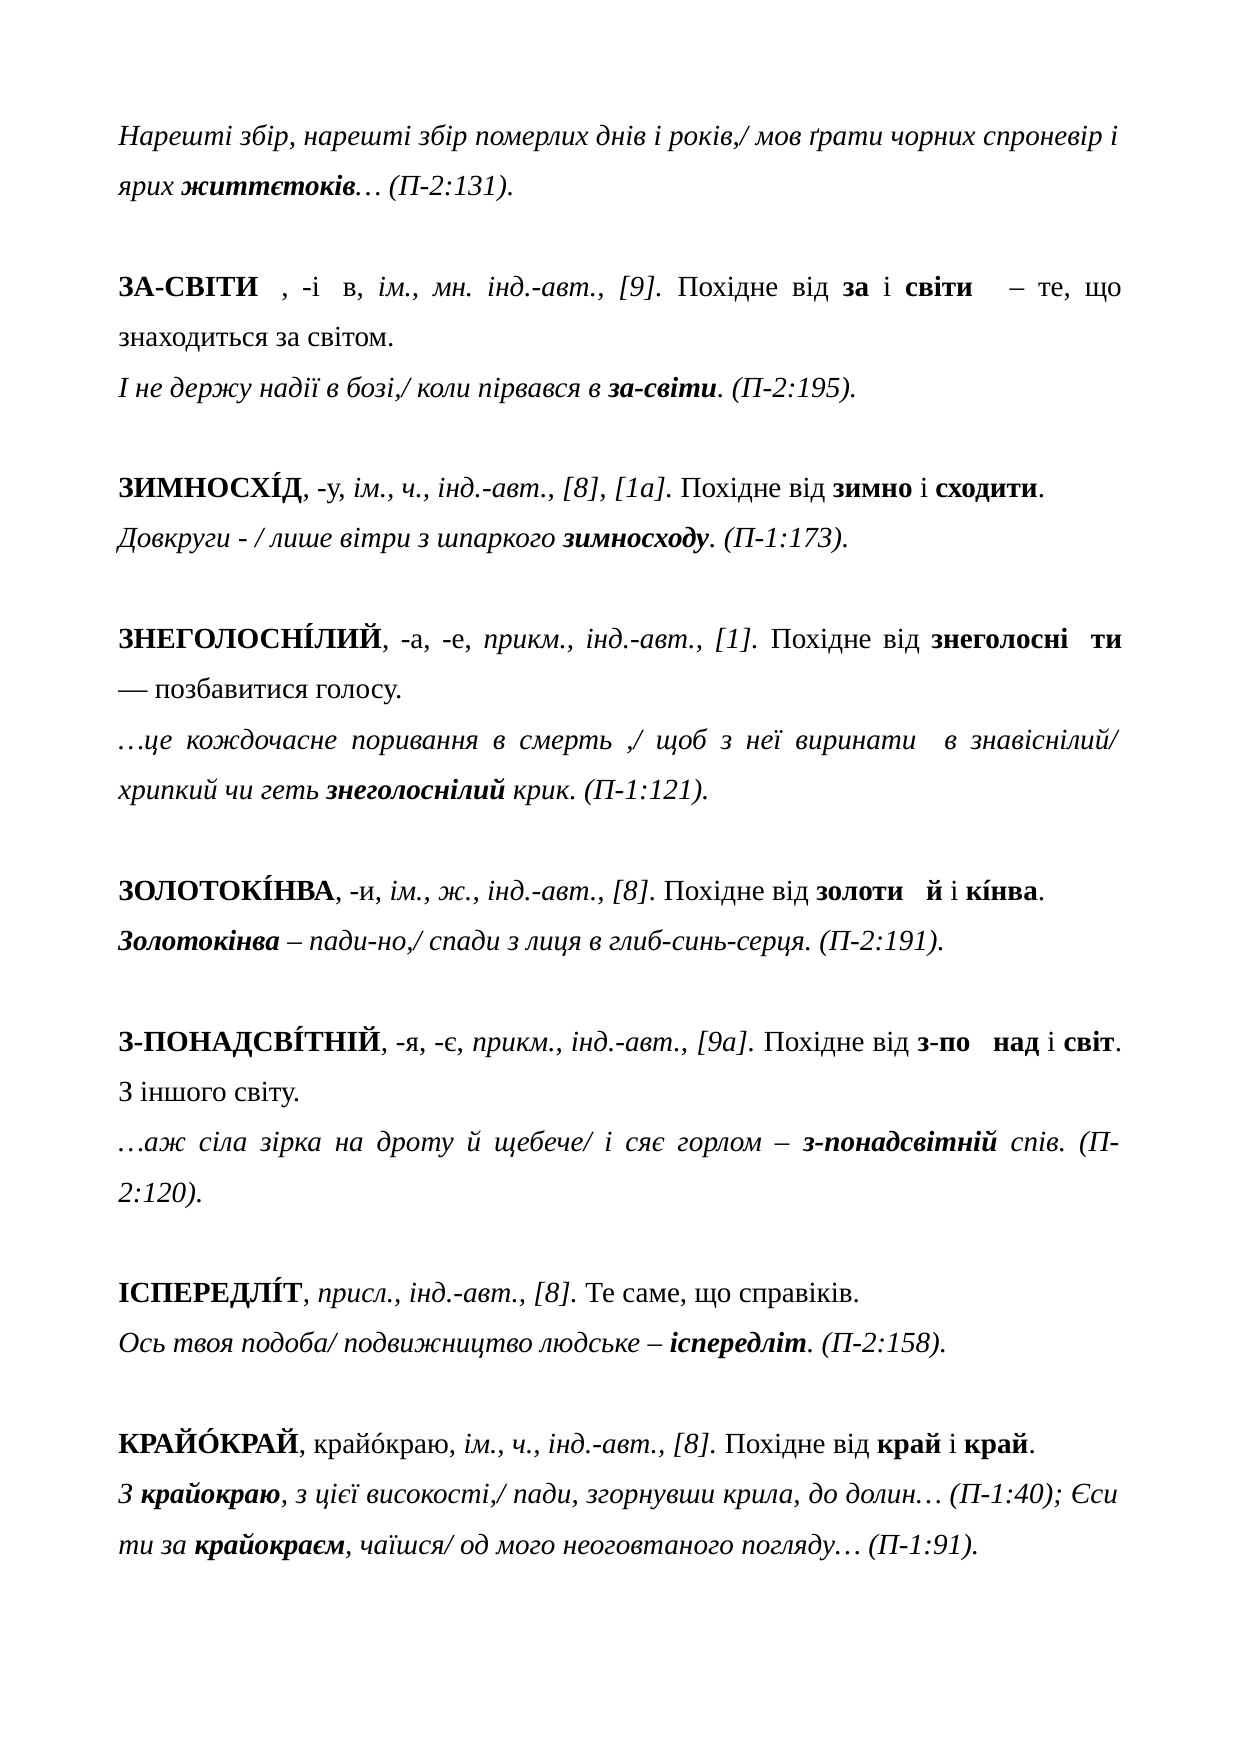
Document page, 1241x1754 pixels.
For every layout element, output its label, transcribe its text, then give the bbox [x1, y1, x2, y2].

text Золотокінва – пади-но,/ спади з лиця в глиб-синь-серця. (П-2:191). [118, 923, 1122, 957]
text Знеголоснíлий, -а, -е, прикм., інд.-авт., [1]. Похідне від знеголосніти — позбавитися голосу. [118, 621, 1122, 705]
text Крайóкрай, крайóкраю, ім., ч., інд.-авт., [8]. Похідне від край і край. [118, 1426, 1122, 1460]
text Довкруги - / лише вітри з шпаркого зимносходу. (П-1:173). [118, 521, 1122, 554]
text З крайокраю, з цієї високості,/ пади, згорнувши крила, до долин… (П-1:40); Єси ти за крайокраєм, чаїшся/ од мого неоговтаного погляду… (П-1:91). [118, 1477, 1122, 1560]
text Золотокíнва, -и, ім., ж., інд.-авт., [8]. Похідне від золотий і кíнва. [118, 873, 1122, 906]
text …це кождочасне поривання в смерть ,/ щоб з неї виринати в знавіснілий/ хрипкий чи геть знеголоснілий крик. (П-1:121). [118, 722, 1122, 806]
text І не держу надії в бозі,/ коли пірвався в за-світи. (П-2:195). [118, 370, 1122, 403]
text Іспередлíт, присл., інд.-авт., [8]. Те саме, що справіків. [118, 1275, 1122, 1309]
text Зимносхíд, -у, ім., ч., інд.-авт., [8], [1а]. Похідне від зимно і сходити. [118, 470, 1122, 504]
text За-світи, -ів, ім., мн. інд.-авт., [9]. Похідне від за і світи – те, що знаходиться за світом. [118, 269, 1122, 353]
text З-понадсвíтній, -я, -є, прикм., інд.-авт., [9а]. Похідне від з-понад і світ. З іншого світу. [118, 1024, 1122, 1108]
text Ось твоя подоба/ подвижництво людське – іспередліт. (П-2:158). [118, 1326, 1122, 1359]
text …аж сіла зірка на дроту й щебече/ і сяє горлом – з-понадсвітній спів. (П-2:120). [118, 1124, 1122, 1208]
text Нарешті збір, нарешті збір померлих днів і років,/ мов ґрати чорних спроневір і ярих життєтоків… (П-2:131). [118, 118, 1122, 202]
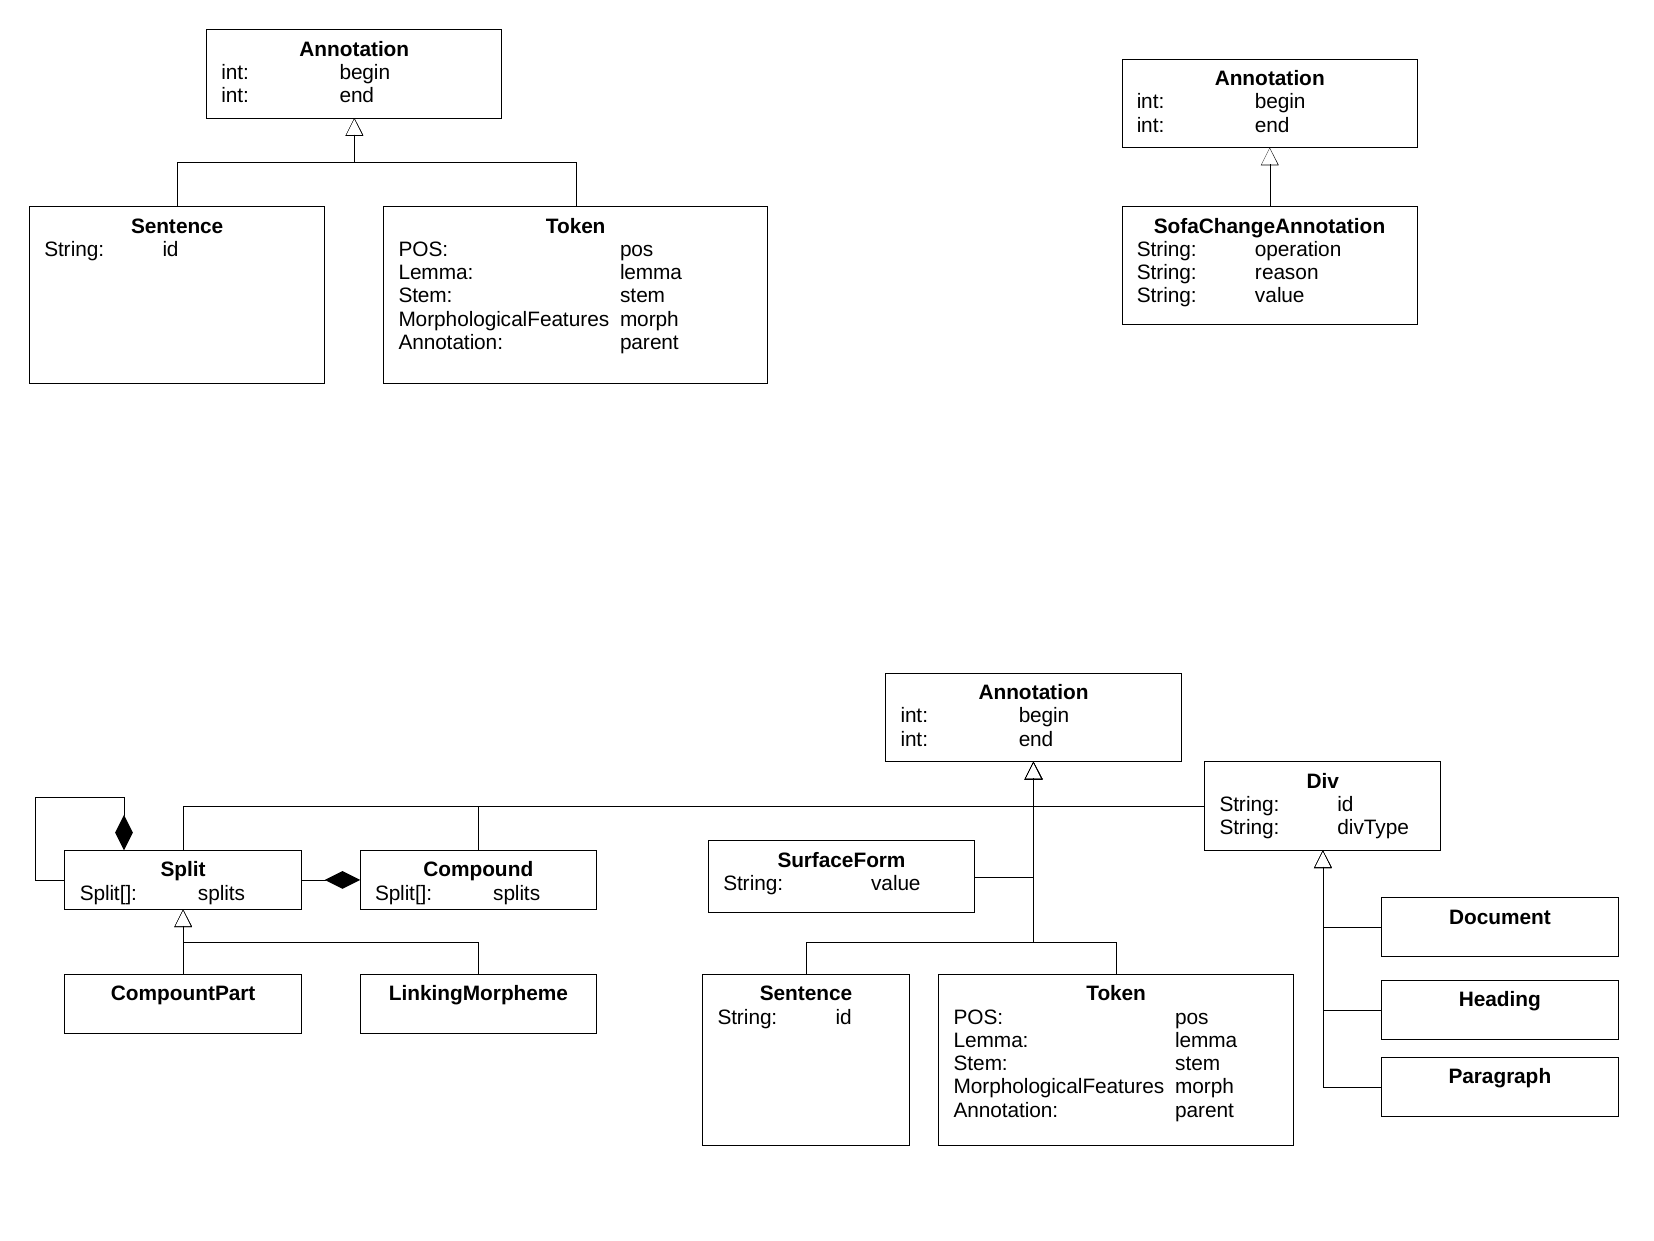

YOUR INSTRUCTIONS -
Read through the records above and copy the lines that contain "пади".

SOLUTION TO THIS EXERCISE -
text Золотокінва – пади-но,/ спади з лиця в глиб-синь-серця. (П-2:191). [118, 923, 1122, 957]
text З крайокраю, з цієї високості,/ пади, згорнувши крила, до долин… (П-1:40); Єси ти за крайокраєм, чаїшся/ од мого неоговтаного погляду… (П-1:91). [118, 1477, 1122, 1560]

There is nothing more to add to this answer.